Ementa: RECURSO ESPECIAL. INDENIZAÇÃO. IMPROPRIEDADE DE PERGUNTA FORMULADA EM PROGRAMA DE TELEVISÃO. PERDA DA OPORTUNIDADE. 1. O questionamento, em programa de perguntas e respostas, pela televisão, sem viabilidade lógica, uma vez que a Constituição Federal não indica percentual relativo às terras reservadas aos índios, acarreta, como decidido pelas instâncias ordinárias, a impossibilidade da prestação por culpa do devedor, impondo o dever de ressarcir o participante pelo que razoavelmente haja deixado de lucrar, pela perda da oportunidade. 2. Recurso conhecido e, em parte, provido. (STJ, REsp nº 788.459 – BA. Relator: Min. Fernando Gonçalves, Quarta Turma. Recorrente: BF Utilidades Domésticas LTDA. Recorrido: Ana Lúcia Serbeto de Freitas Matos. Data do Julgamento: 8.11.2005, Data da Publicação: 13.03.2006).

Ementa: RECURSO ESPECIAL. RESPONSABILIDADE CIVIL. PERDA DE UMA CHANCE. DESCUMPRIMENTO DE CONTRATO DE COLETA DE CÉLULAS-TRONCO EMBRIONÁRIAS DO CORDÃO UMBILICAL DO RECÉM NASCIDO. NÃO COMPARECIMENTO AO HOSPITAL. LEGITIMIDADE DA CRIANÇA PREJUDICADA. DANO EXTRAPATRIMONIAL CARACTERIZADO. 1. Demanda indenizatória movida contra empresa especializada em coleta e armazenagem de células tronco embrionárias, em face da falha na prestação de serviço caracterizada pela ausência de prepostos no momento do parto. […]. 3. A teoria da perda de uma chance aplica-se quando o evento danoso acarreta para alguém a frustração da chance de obter um proveito determinado ou de evitar uma perda. 4. Não se exige a comprovação da existência do dano final, bastando prova da certeza da chance perdida, pois esta é o objeto de reparação. 5. Caracterização de dano extrapatrimonial para criança que tem frustrada a chance de ter suas células embrionárias colhidas e armazenadas para, se for preciso, no futuro, fazer uso em tratamento de saúde. […]. 8. Recurso provido. (STJ, REsp nº 1.291.247 – RJ. Relator: Min. Paulo de Tarso Sanseverino, Terceira Turma. Recorrente: Carlos Márcio da Costa Cortázio Corrêa e outros. Recorrido: Criopraxis Criobiologia LTDA. Data do Julgamento: 19.08.2014, Data da Publicação: 01.10.2014).

Conclusão

Desse modo, depreende-se que há a possibilidade do recebimento de indenização pela perda de uma chance. No entanto, a oportunidade perdida deve ser razoavelmente demonstrada, pois se trata de possibilidade improvável ou quase certa, esta não ensejará a reparação do dano.

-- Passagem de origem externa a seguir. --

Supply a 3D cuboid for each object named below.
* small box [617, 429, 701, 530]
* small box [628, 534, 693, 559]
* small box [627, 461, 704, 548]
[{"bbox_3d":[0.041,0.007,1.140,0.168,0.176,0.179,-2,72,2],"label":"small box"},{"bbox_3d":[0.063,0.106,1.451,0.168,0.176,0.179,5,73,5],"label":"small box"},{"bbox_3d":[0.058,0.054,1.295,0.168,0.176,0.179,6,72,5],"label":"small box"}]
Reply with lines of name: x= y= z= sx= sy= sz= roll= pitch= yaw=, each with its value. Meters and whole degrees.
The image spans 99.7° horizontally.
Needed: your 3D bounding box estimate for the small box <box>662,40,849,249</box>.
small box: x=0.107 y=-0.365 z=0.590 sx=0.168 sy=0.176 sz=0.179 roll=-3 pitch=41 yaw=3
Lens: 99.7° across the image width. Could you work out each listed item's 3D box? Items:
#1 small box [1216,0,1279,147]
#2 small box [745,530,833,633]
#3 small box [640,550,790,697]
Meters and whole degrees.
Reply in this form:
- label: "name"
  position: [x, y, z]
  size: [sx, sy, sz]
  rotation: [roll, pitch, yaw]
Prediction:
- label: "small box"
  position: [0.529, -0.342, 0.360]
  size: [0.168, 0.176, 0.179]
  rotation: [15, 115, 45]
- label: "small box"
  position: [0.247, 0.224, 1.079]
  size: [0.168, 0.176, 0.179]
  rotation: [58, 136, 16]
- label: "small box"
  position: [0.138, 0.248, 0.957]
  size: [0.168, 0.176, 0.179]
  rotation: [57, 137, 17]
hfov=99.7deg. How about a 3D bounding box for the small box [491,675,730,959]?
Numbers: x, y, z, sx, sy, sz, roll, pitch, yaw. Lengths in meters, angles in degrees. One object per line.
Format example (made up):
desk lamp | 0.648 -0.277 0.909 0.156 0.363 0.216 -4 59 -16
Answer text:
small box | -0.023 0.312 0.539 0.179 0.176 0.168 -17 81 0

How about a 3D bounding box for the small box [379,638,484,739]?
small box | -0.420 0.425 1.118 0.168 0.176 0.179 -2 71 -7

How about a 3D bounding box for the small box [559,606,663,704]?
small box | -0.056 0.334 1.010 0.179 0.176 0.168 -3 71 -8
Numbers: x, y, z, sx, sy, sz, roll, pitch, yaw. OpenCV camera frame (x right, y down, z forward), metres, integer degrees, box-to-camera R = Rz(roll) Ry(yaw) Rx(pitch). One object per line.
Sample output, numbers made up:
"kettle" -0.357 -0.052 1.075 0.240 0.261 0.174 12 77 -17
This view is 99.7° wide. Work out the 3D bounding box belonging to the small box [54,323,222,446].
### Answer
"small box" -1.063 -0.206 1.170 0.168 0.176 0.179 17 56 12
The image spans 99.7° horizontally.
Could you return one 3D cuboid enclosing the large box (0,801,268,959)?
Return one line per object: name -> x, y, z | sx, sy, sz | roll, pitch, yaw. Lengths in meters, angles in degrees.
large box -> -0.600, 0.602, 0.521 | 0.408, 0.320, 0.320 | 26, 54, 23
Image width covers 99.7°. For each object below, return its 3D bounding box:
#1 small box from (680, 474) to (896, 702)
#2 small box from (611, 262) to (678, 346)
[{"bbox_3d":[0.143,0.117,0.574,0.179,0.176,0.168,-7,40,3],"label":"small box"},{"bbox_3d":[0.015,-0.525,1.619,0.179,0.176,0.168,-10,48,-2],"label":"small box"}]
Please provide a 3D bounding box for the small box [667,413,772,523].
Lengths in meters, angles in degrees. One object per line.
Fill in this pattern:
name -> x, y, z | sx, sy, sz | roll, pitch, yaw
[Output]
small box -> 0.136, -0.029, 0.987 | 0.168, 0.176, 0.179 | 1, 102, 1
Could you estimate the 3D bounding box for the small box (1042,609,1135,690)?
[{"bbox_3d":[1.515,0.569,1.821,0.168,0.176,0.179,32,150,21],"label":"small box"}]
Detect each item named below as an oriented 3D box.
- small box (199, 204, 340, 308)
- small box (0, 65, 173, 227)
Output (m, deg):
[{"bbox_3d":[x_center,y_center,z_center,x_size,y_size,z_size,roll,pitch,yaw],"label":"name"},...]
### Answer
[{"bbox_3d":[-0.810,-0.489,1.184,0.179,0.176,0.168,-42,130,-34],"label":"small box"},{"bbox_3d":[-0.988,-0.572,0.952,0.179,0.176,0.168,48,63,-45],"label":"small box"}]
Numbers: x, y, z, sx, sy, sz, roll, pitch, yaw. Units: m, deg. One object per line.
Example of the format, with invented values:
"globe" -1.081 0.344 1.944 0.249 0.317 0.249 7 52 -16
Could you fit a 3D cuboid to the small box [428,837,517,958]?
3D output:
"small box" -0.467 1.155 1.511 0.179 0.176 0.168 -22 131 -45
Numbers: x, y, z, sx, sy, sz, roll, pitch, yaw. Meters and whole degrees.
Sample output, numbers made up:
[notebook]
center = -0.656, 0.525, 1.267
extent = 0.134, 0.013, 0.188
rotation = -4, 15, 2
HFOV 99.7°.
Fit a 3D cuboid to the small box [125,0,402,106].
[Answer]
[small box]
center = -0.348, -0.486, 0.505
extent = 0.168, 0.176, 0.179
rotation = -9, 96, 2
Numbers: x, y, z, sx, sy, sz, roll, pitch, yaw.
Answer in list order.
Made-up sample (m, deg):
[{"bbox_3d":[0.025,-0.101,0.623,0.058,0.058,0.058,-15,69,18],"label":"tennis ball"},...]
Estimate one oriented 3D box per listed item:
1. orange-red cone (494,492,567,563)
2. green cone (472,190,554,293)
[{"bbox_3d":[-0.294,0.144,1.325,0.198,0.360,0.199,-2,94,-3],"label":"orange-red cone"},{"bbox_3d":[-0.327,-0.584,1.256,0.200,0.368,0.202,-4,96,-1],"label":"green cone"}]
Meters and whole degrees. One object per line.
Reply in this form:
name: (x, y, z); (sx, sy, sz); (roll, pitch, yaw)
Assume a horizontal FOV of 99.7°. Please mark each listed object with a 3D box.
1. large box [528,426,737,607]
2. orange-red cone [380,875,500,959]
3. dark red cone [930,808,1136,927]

Porém, frise-se que apenas a alegação da perda de uma chance é insuficiente para obter uma indenização. A probabilidade  da ocorrência do resultado, no caso concreto, deve ser suficientemente demonstrada.

REFERÊNCIAS BIBLIOGRÁFICAS

BRASIL. Superior Tribunal de Justiça. Recurso Especial nº 1.291.247 - RJ. Relator: Min. Paulo de Tarso Sanseverino, Terceira Turma. Recorrente: Carlos Márcio da Costa Cortázio Corrêa e outros. Recorrido: Criopraxis Criobiologia LTDA. Data do Julgamento: 19.08.2014, Data da Publicação: 01.10.2014. Disponível em: <https://ww2.stj.jus.br/processo/revista/documento/mediado/?componente=ITA&sequencial=1336307&num_registro=201102672798&data=20141001&formato=PDF>. Acesso em: 02.02.2017

______. Superior Tribunal de Justiça. Recurso Especial nº 788.459 - BA. Relator: Min. Fernando Gonçalves, Quarta Turma. Recorrente: BF Utilidades Domésticas LTDA. Recorrido: Ana Lúcia Serbeto de Freitas Matos. Data do Julgamento: 8.11.2005, Data da Publicação: 13.03.2006. Disponível em: <https://ww2.stj.jus.br/processo/revista/documento/mediado/?componente=ATC&sequencial=2119427&num_registro=200501724109&data=20060313&tipo=5&formato=PDF>. Acesso em: 02.02.2017.

RIZZARDO, Arnaldo. Responsabilidade Civil. 7. Ed. Rio de Janeiro: Forense, 2015.